Mais uma manifestação contra o governo do presidente Michel Temer acontece realizada em Curitiba nesta quarta-feira (7),..

Mariana Ohde - 07 de setembro de 2016, 17:09

Mais uma manifestação contra o governo do presidente Michel Temer acontece realizada em Curitiba nesta quarta-feira (7), feriado do Dia da Independência. Cerca de 200 pessoas, segundo os organizadores, marcharam pelas ruas da capital durante a tarde. O grupo saiu da Praça 19 de Dezembro às 15h rumo à Boca Maldita, na Rua XV.

O evento Fora Temer- Amanhã Será Maior+ Levante Feminista é organizado pelo grupo CWB Contra Temer, que alega que o governo não tem a legitimidade do voto e não pode realizar reformas.

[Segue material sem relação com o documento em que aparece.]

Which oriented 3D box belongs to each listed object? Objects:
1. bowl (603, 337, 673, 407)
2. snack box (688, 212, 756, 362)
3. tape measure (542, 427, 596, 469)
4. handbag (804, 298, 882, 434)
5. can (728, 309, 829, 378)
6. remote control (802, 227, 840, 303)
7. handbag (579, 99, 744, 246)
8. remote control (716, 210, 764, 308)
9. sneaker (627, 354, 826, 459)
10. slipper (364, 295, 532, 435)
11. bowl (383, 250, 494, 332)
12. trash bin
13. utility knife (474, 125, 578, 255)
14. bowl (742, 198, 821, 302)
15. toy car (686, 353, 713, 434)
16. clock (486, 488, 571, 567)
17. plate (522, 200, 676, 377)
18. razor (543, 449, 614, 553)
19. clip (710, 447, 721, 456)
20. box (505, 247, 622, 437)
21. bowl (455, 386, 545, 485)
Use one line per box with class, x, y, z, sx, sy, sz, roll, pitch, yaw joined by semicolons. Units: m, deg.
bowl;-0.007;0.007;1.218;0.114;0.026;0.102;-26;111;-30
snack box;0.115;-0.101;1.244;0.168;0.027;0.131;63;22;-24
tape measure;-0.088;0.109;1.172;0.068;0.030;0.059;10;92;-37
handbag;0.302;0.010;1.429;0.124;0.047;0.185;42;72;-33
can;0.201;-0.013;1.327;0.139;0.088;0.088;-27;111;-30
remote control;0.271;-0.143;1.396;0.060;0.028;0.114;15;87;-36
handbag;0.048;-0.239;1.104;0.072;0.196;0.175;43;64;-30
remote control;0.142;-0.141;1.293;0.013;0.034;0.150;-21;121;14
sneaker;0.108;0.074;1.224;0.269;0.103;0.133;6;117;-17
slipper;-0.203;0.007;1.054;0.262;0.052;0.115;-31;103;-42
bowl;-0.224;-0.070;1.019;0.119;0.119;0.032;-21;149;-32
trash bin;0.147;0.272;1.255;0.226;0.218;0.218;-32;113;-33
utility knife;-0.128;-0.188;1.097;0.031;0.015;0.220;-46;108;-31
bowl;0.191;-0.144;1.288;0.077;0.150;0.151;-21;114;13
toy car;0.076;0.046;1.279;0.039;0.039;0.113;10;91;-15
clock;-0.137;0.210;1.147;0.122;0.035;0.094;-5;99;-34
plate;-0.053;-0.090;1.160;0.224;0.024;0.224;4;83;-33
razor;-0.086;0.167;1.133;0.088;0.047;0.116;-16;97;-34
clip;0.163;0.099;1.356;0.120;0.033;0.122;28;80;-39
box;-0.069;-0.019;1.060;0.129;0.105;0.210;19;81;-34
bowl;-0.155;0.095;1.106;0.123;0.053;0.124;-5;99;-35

Participam membros da comunidade LGBT, movimentos feministas, sindicatos trabalhistas, e movimentos da periferia.

Os organizadores pedem paz nas manifestações, após atos marcados pelo vandalismo na capital. "A orientação geral do movimento, nas assembleias que a gente faz nas ruas, é a de que nós queremos fazer manifestações pacíficas para ganhar o apoio da população", afirma Marcelo Barbato, do CWB Contra Temer.

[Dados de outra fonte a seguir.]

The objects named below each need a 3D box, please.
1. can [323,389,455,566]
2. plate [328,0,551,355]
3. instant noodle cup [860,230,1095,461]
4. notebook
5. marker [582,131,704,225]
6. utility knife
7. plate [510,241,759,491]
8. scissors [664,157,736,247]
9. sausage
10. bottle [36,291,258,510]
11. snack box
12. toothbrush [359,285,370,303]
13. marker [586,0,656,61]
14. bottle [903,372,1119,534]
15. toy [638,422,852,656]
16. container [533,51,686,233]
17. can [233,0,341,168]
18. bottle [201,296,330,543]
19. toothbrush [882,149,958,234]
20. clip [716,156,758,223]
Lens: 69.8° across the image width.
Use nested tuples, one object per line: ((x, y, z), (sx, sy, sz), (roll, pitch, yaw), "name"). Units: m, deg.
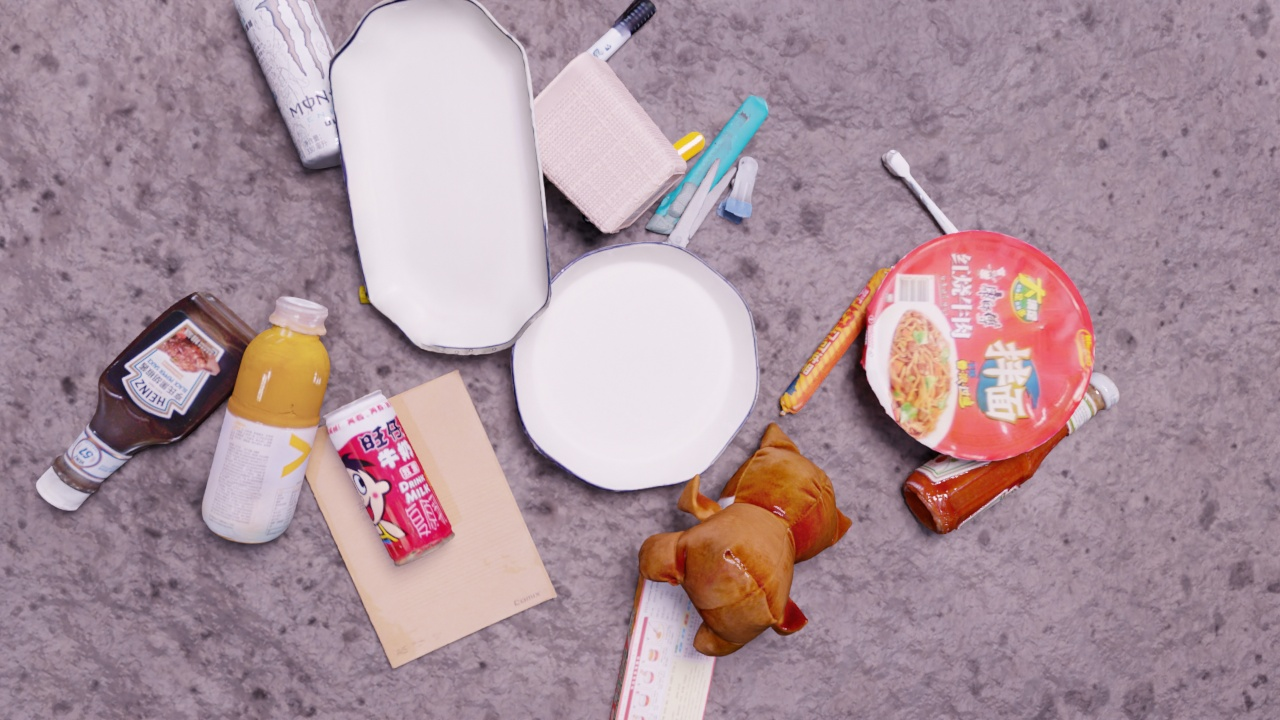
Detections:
((-0.200, 0.093, 0.731), (0.053, 0.053, 0.133), (-26, 94, -6), "can")
((-0.144, -0.135, 0.695), (0.162, 0.034, 0.266), (0, 108, 16), "plate")
((0.279, -0.011, 0.788), (0.194, 0.066, 0.193), (0, 86, -2), "instant noodle cup")
((-0.180, 0.133, 0.769), (0.149, 0.012, 0.211), (-23, 94, -6), "notebook")
((0.002, -0.154, 0.780), (0.124, 0.015, 0.018), (-36, 95, -2), "marker")
((0.059, -0.166, 0.787), (0.029, 0.013, 0.151), (38, 87, -10), "utility knife")
((-0.005, 0.004, 0.759), (0.205, 0.045, 0.205), (-1, 100, -7), "plate")
((0.018, -0.099, 0.776), (0.125, 0.012, 0.174), (5, 97, -6), "scissors")
((0.174, -0.017, 0.804), (0.021, 0.021, 0.165), (38, 87, -7), "sausage")
((-0.389, 0.036, 0.720), (0.080, 0.044, 0.195), (44, 87, -10), "bottle")
((0.026, 0.250, 0.792), (0.077, 0.027, 0.156), (12, 91, -8), "snack box")
((-0.136, -0.060, 0.763), (0.190, 0.016, 0.015), (-3, 93, -7), "toothbrush")
((-0.039, -0.256, 0.768), (0.130, 0.018, 0.022), (-44, 88, -5), "marker")
((0.330, 0.077, 0.811), (0.206, 0.060, 0.060), (-32, 96, -6), "bottle")
((0.093, 0.144, 0.745), (0.199, 0.131, 0.140), (-42, 104, -39), "toy")
((-0.030, -0.166, 0.723), (0.090, 0.090, 0.111), (-41, 92, 15), "container")
((-0.264, -0.227, 0.718), (0.058, 0.058, 0.147), (-22, 95, -6), "can")
((-0.285, 0.045, 0.710), (0.068, 0.068, 0.189), (17, 98, -8), "bottle")
((0.275, -0.116, 0.819), (0.016, 0.016, 0.180), (-42, 99, 1), "toothbrush")
((0.087, -0.149, 0.790), (0.027, 0.045, 0.058), (18, 84, -7), "clip")

Ainda segundo Marcelo, já há novos eventos marcados. Na segunda-feira (12), a manifestação será contra o deputado afastado Eduardo Cunha e favor da cassação definitiva de seu mandato. No dia 18, deve haver mais uma manifestação nacional contra Temer e no dia 16 está previso um sarau cultural na Rua São Francisco, às 18h, segundo os organizadores.

Outros protestos

Na terça-feira (6), cerca de 10 mil pessoas participaram de um ato que também contou com mil integrantes do Movimento dos Trabalhadores Sem Terra. Um manifestante foi preso por, supostamente, tentar pichar uma viatura da Polícia Militar.

Após a prisão, o trajeto foi alterado e se dirigiu ao 1º DP, na Rua André de Barros, para prestar apoio a Felipe Machado. Os advogados do grupo CWB Contra Temer reúnem vídeos e registros fotográficos da ação da PM. O grupo tenta esclarecer o que realmente pode ter motivado a prisão do manifestante. Uma fiança de R$ 800 foi estipulada e o rapaz liberado.

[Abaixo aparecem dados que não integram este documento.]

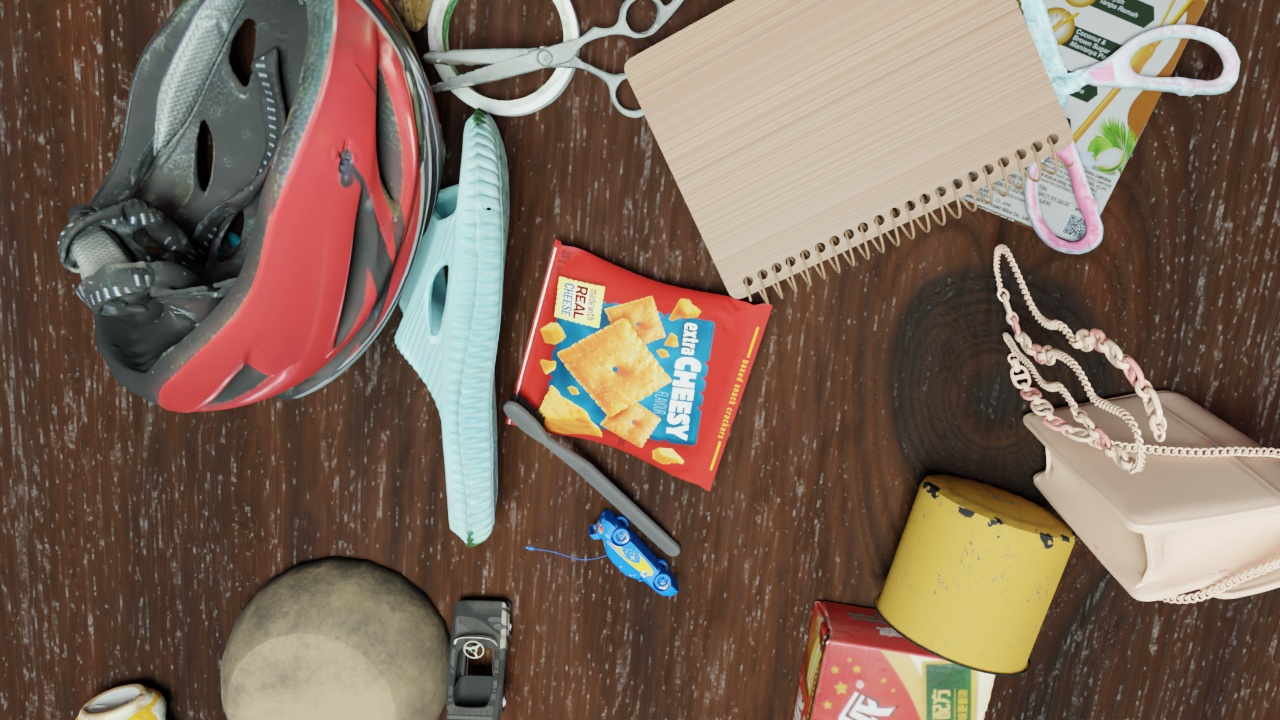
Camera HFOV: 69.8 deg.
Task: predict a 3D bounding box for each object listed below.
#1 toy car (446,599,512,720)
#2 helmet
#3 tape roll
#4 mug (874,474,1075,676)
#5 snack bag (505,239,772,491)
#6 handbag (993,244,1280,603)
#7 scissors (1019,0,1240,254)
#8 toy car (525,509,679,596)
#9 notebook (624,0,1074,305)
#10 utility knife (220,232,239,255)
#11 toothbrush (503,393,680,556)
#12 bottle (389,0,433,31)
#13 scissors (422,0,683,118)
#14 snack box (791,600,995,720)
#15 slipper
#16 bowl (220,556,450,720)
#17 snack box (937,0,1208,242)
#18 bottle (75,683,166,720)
[{"bbox_3d":[-0.114,0.214,0.641,0.040,0.037,0.092,0,70,4],"label":"toy car"},{"bbox_3d":[-0.208,-0.099,0.512,0.217,0.166,0.272,38,107,37],"label":"helmet"},{"bbox_3d":[-0.084,-0.200,0.570,0.094,0.018,0.094,1,102,3],"label":"tape roll"},{"bbox_3d":[0.225,0.134,0.592,0.123,0.100,0.094,11,102,-24],"label":"mug"},{"bbox_3d":[-0.004,0.004,0.600,0.144,0.039,0.131,18,104,3],"label":"snack bag"},{"bbox_3d":[0.297,0.025,0.509,0.117,0.198,0.187,-15,109,6],"label":"handbag"},{"bbox_3d":[0.262,-0.153,0.532,0.175,0.013,0.170,-20,98,9],"label":"scissors"},{"bbox_3d":[-0.025,0.142,0.633,0.062,0.033,0.092,-41,98,4],"label":"toy car"},{"bbox_3d":[0.119,-0.145,0.536,0.211,0.022,0.169,-25,96,14],"label":"notebook"},{"bbox_3d":[-0.263,-0.059,0.614,0.022,0.015,0.149,-39,95,4],"label":"utility knife"},{"bbox_3d":[-0.030,0.081,0.617,0.013,0.013,0.167,-32,113,32],"label":"toothbrush"},{"bbox_3d":[-0.178,-0.238,0.546,0.105,0.056,0.056,16,103,-1],"label":"bottle"},{"bbox_3d":[-0.046,-0.193,0.549,0.159,0.014,0.121,15,104,-25],"label":"scissors"},{"bbox_3d":[0.161,0.294,0.647,0.113,0.060,0.236,9,103,2],"label":"snack box"},{"bbox_3d":[-0.117,-0.014,0.568,0.069,0.116,0.276,1,107,-10],"label":"slipper"},{"bbox_3d":[-0.218,0.227,0.646,0.162,0.070,0.162,1,103,3],"label":"bowl"},{"bbox_3d":[0.257,-0.175,0.550,0.101,0.031,0.186,21,103,-2],"label":"snack box"},{"bbox_3d":[-0.373,0.297,0.673,0.063,0.063,0.109,-8,101,5],"label":"bottle"}]

Na noite de quinta-feira (1), os protestos foram marcados por vandalismo. Quatro prédios foram depredados, dois ônibus, duas estações-tubo e um carro de reportagem foram pichados. Os manifestantes realizaram o segundo protesto consecutivo em Curitiba. Na quarta-feira (31), dia do impeachment de Dilma Rousseff, também houve protesto, mas sem depredações. Os dois atos reuniram entre 3 mil e 5 mil pessoas, segundo organizadores. A Polícia Militar contou 400 manifestantes reunidos e 800 ao longo da noite.

Protesto pacífico

O grupo CWB Contra Temer divulgou nota nesta terça-feira para ressaltar que não apoia atos de violência durante manifestações. Esse é o mesmo grupo que organizou os protestos dessa terça e de quinta-feira da semana passada, quando prédios foram atacados no Centro da cidade, e do último domingo, em que manifestantes apedrejaram e picharam a sede do diretório estadual do PMDB, carros, um bar e a sede do Tribunal Regional do Trabalho (TRT).

A nota do movimento que pede a saída de Michel Temer da presidência afirma que os seguidores do grupo são “cidadãos comuns, trabalhadores e estudantes, que assumiram a responsabilidade de mobilizar o máximo de pessoas em torno de pautas unificadas da esquerda neste delicado momento político”.

Os manifestantes afirmam prezam pela segurança dos que participam dos atos e pedem por “não violência”. Segundo o grupo, “depredações servirão somente de justificativa para os setores mais conservadores da sociedade deslegitimarem a mobilização política que ocorre e ganha força neste momento”. Os atos de vandalismo do último domingo duraram cerca de 30 minutos. A Polícia Militar acompanhou a passeata, mas ninguém foi detido.